10. This exercise involves the Boston housing data set.
(a) To begin, load in the Boston data set, which is part of the ISLP library.
(b) How many rows are in this data set? How many columns? What do the rows and columns represent?
(c) Make some pairwise scatterplots of the predictors (columns) in this data set. Describe your fndings.
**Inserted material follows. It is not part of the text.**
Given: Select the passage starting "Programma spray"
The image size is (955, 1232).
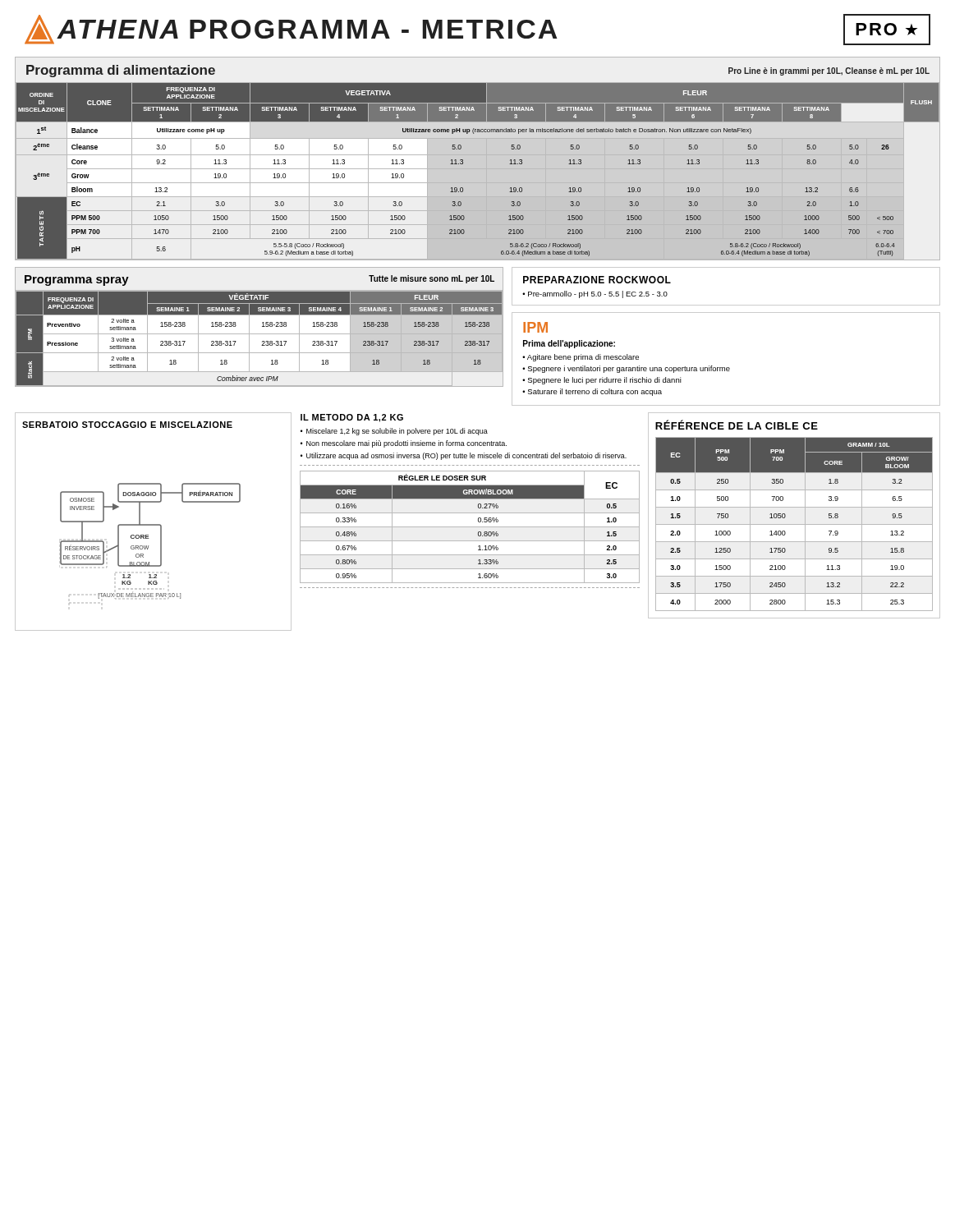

(d) Are any of the predictors associated with per capita crime rate? If so, explain the relationship.
(e) Do any of the suburbs of Boston appear to have particularly high crime rates? Tax rates? Pupil-teacher ratios? Comment on the range of each predictor.
(f) How many of the suburbs in this data set bound the Charles river?
(g) What is the median pupil-teacher ratio among the towns in this data set?
(h) Which suburb of Boston has lowest median value of owneroccupied homes? What are the values of the other predictors for that suburb, and how do those values compare to the overall ranges for those predictors? Comment on your fndings.
(i) In this data set, how many of the suburbs average more than seven rooms per dwelling? More than eight rooms per dwelling? Comment on the suburbs that average more than eight rooms per dwelling.